Example 1: Manufacture of bonito-derived elastin peptide powder Arterial spheres (100 g) were collected from fresh bonito, washed with running water and ground. As a pretreatment of the raw material, it was immersed in a 0.02N aqueous sodium hydroxide solution for 1 week in a refrigerator. After immersion, excess alkali was removed by running water washing, and running water washing was performed until the discharged liquid became neutral. To this was added 3 volumes of distilled water, heated to 95 ° C., and the supernatant was removed to remove lipids and collagen. The residue was cut into pieces with a food cutter, and Protin AC-10F (manufactured by Yamato Kasei, 0.5%) and protease N “Amano” G (manufactured by Amano Enzyme, 0.1%) were added at 1% of the base mass, Decomposition was performed for 10 hours. Heat deactivation was performed at a temperature of 85 ° C. or higher, and the residue was separated by filtration and centrifugation. Thereafter, the extract clarified by microfiltration was spray-dried to obtain water-soluble elastin peptide powder (8 g).

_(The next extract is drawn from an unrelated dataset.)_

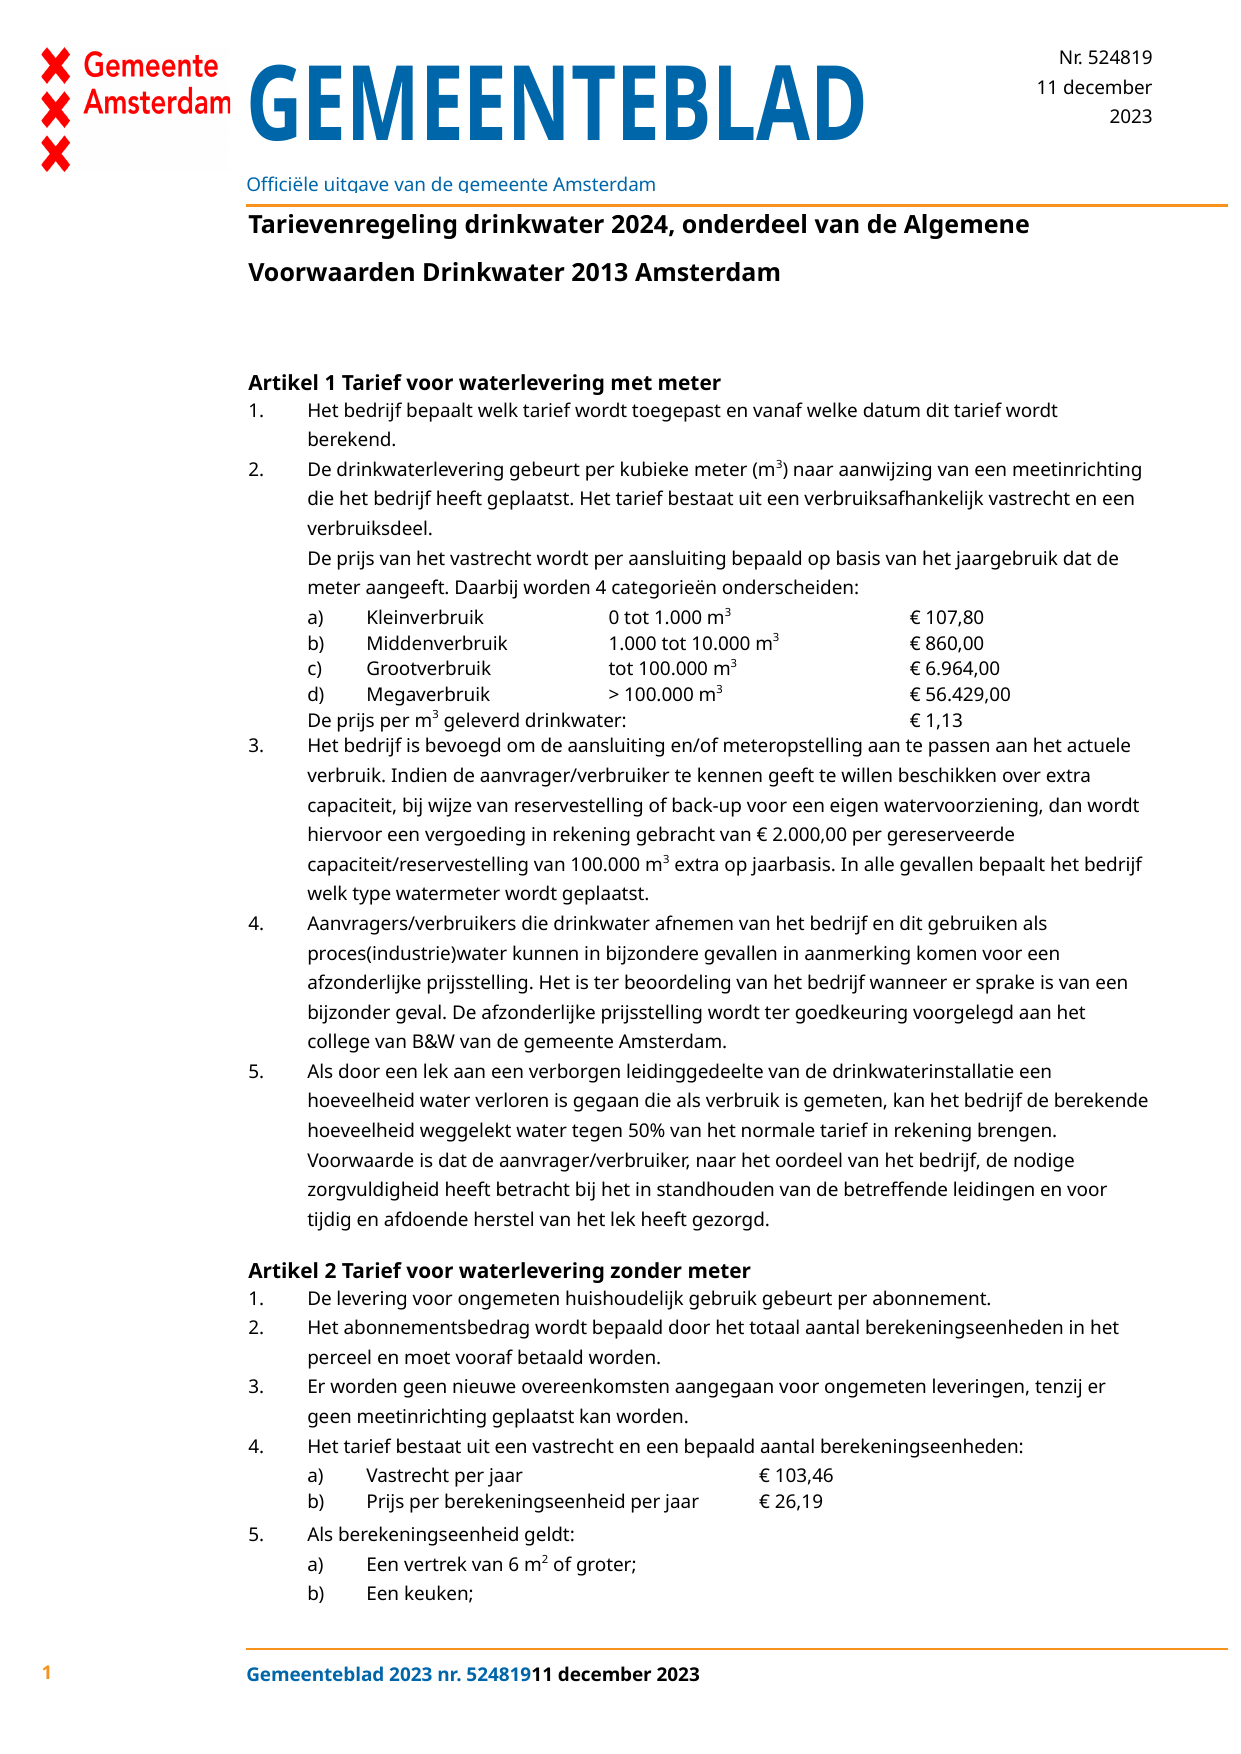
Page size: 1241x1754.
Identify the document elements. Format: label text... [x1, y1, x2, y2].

Example 2: Production of Hamachi-derived elastin peptide powder An elastin peptide powder was obtained in the same manner as in Example 1 using arterial spheres collected from fresh Hamachi as a raw material.

Example 3 Production of Tuna-Derived Elastin Peptide Powder Elastin peptide powder was obtained in the same manner as in Example 1 using arterial spheres collected from fresh tuna as a raw material.

  The amino acid analysis results of the elastin peptides obtained according to Examples 1 to 3 are shown in Table 1 below.

  For any elastin peptide, the total of glycine, alanine, valine and proline content per 1000 residues is 650 residues or more, the sum of aspartic acid and asparagine content is 10 to 35 residues, glutamic acid and glutamine content The total content of lysine, histidine and arginine is 20 to 50 residues, the total content of desmosine and isodesmosine is 0.3 residues or more, and the hydroxyproline content is It turns out that it is 10 residues or less.

  The results of protein, lipid, moisture, and ash content analysis of the elastin peptides obtained in Examples 1 to 3 are shown in Table 2 below.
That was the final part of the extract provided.